Prepared by:
HALBORN
Last Updated 09/23/2025
Date of Engagement: April 2nd, 2025 - May 13th, 2025
100% of all REPORTED Findings have been addressed
All findings
35
Critical
1
High
5
Medium
11
Low
6
Informational
12
Nomyx engaged Halborn to conduct a security assessment on their smart contracts beginning on April 2nd, 2025 and ending on May 13th, 2025. The security assessment was scoped to the smart contracts provided to Halborn. Commit hashes and further details can be found in the Scope section of this report.
The Nomyx codebase in scope mainly utilizes the Diamond proxy pattern, the main purpose of the project is to allow users to create and participate in trade deals, mint ERC721A tokens, and allow those NFTs to be sold in different ways.
Halborn was provided 30 days for the engagement and assigned 1 full-time security engineer to review the security of the smart contracts in scope. The engineer is a blockchain and smart contract security expert with advanced penetration testing and smart contract hacking skills, and deep knowledge of multiple blockchain protocols. The assessment also passed through Halborn's internal QA process, a multi-step review involving technical and leadership oversight, to help ensure clarity and consistency across findings. This process is designed to reinforce the quality of the assessment deliverable.
The objectives of this assessment were to:
Identify potential security issues within the smart contracts.
Ensure that smart contract functionality operates as intended.
In summary, Halborn identified several areas for improvement to reduce the likelihood and impact of risks, which were mostly addressed by the Nomyx team. The primary recommendations were:
Consider not allowing users to create a listing without depositing the NFT, or check whether the msg.sender owns the NFT for which he wants to create a listing.
Consider removing the requirement from the MultiSaleFacet.purchase() function to withdraw ERC20 tokens from the user. The MultiSaleLib.__purchase() function will dedcut them from the user.

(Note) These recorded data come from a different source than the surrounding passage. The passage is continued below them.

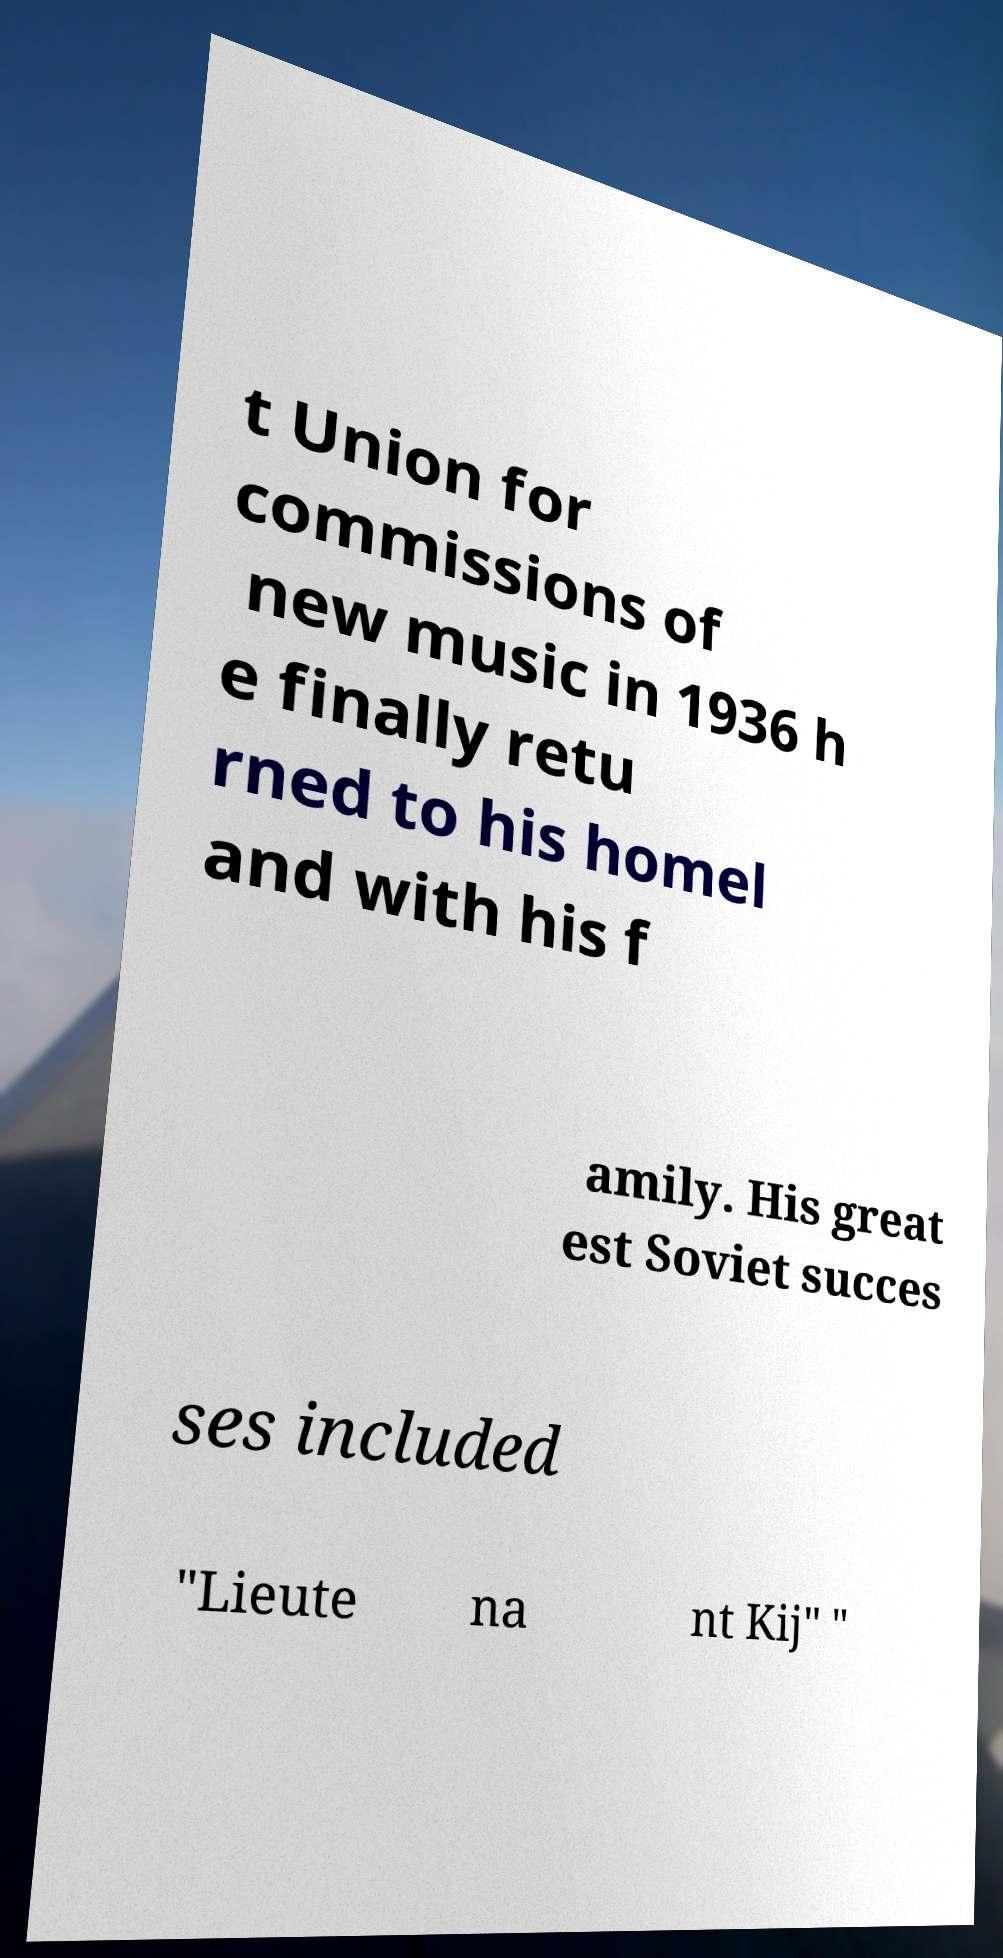Can you accurately transcribe the text from the provided image for me? t Union for commissions of new music in 1936 h e finally retu rned to his homel and with his f amily. His great est Soviet succes ses included "Lieute na nt Kij" " 
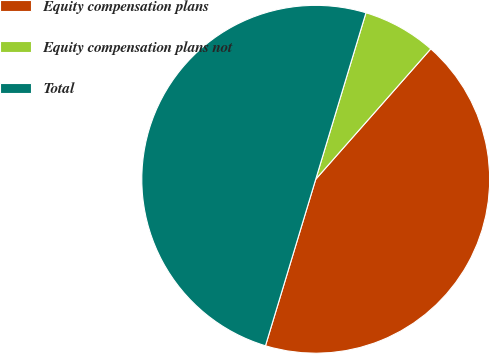<chart> <loc_0><loc_0><loc_500><loc_500><pie_chart><fcel>Equity compensation plans<fcel>Equity compensation plans not<fcel>Total<nl><fcel>43.16%<fcel>6.84%<fcel>50.0%<nl></chart> 
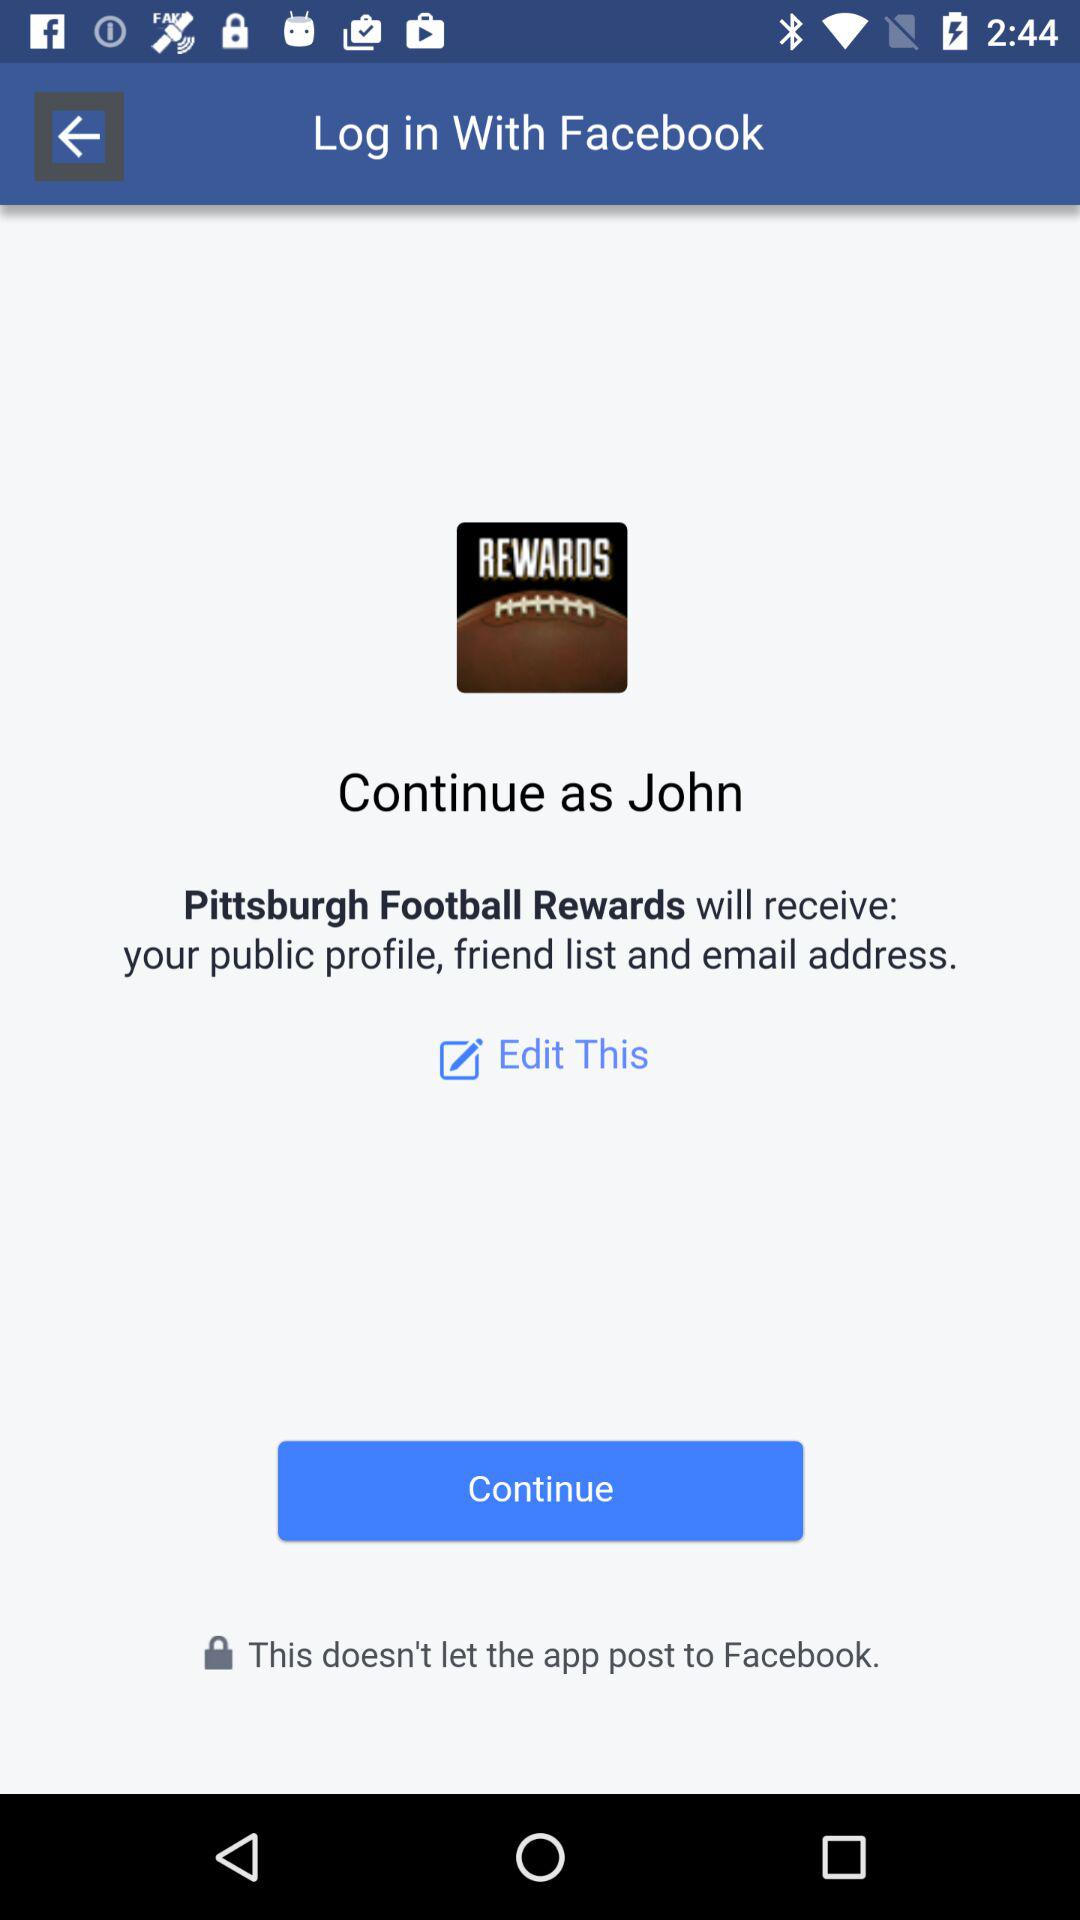What application is asking for permission? The application that is asking for permission is "Pittsburgh Football Rewards".

Consider allowing the buyer to provide the maximum amount of tokens he is willing to pay as a parameter in the MultiSaleFacet.purchase() function.
Consider checking the length of the provided of the provided proof array in the MerkleProver.verify() function and revert the function if the length is 0.
In the TradeDealLib._depositUSDCToTradeDeal() function consider checking whether the funding for the trade deal has already been withdrawn, via the tradeDealFundingWithdrawn[tradeDealId] param, if it has revert the transaction and don't allow additional deposits.
Consider utilizing the address of the receiver or msg.sender in the merkle proof.
| Security analysis | Risk level | Remediation |
|---|---|---|
| Malicious user can steal NFTs from anybody | Critical | Solved - 05/21/2025 |
| MultiSaleFacet.purchase() function will take more tokens from the user, if ERC20 tokens are used | High | Solved - 05/21/2025 |
| Malicious users can frontrun non malicious buyers, and make them overpay | High | Solved - 06/25/2025 |
| Merkle proof verification can be bypassed | High | Solved - 05/21/2025 |
| Merkle proof can be used numerous times | High | Solved - 05/21/2025 |
| Trade deal participants can steal the APR from other participants | High | Solved - 05/21/2025 |
| Funders can't redeem their collateral | Medium | Solved - 05/21/2025 |
| Funders can't redeem their collateral for the first trade deal | Medium | Solved - 05/21/2025 |
| Incorrect tokenType checks | Medium | Solved - 05/21/2025 |
| MultiSaleFacet.purchase() doesn't work with ERC20 tokens | Medium | Solved - 06/25/2025 |
| MultiSaleFacet.purchase() function won't send ERC20 tokens to payee | Medium | Solved - 06/25/2025 |
| Purchase restrictions per account are not sufficiently enforced | Medium | Solved - 05/21/2025 |
| No restrictions on the amount of tokens that can be bought via MultiSaleFacet.purchaseProof() | Medium | Solved - 05/21/2025 |
| Lib functions are not implemented in the corresponding facet | Medium | Solved - 05/21/2025 |
| Incorrect function call order in _burn() | Medium | Solved - 05/21/2025 |
| Incorrect argument used in internal function call | Medium | Solved - 05/21/2025 |
| _burn() will panic due to underflow | Medium | Solved - 05/21/2025 |
| ETH may get stuck in the contract | Low | Solved - 06/11/2025 |
| Centralization risk | Low | Risk Accepted - 05/21/2025 |
| Use of transfer() | Low | Solved - 05/21/2025 |
| totalSupply() returns incorrect amount | Low | Solved - 05/21/2025 |
| removeIdentity() doesn't work as expected | Low | Solved - 06/11/2025 |
| Safe function for ERC20 interactions are not used | Low | Solved - 05/21/2025 |
| Function doesn't revert if the call to send ETH fails | Informational | Solved - 05/21/2025 |
| Custom errors should be used | Informational | Acknowledged - 05/06/2025 |
| Floating pragma | Informational | Acknowledged - 05/06/2025 |
| Consider Using Named Mappings | Informational | Acknowledged - 05/06/2025 |
| Insufficient test coverage | Informational | Future Release - 05/06/2025 |
| The length of arrays is not cached before loops | Informational | Solved - 05/21/2025 |
| Unresolved TO-DOs | Informational | Solved - 05/21/2025 |
| The project contains console.log | Informational | Solved - 05/21/2025 |
| Missing events | Informational | Acknowledged - 05/21/2025 |
| Unused modifer and repeated functions | Informational | Acknowledged - 05/21/2025 |
| Only one key can be added | Informational | Solved - 06/11/2025 |
| removeKey() doesn't clear all storage | Informational | Solved - 06/11/2025 |
Halborn strongly recommends conducting a follow-up assessment of the project either within six months or immediately following any material changes to the codebase, whichever comes first. This approach is crucial for maintaining the project’s integrity and addressing potential vulnerabilities introduced by code modifications.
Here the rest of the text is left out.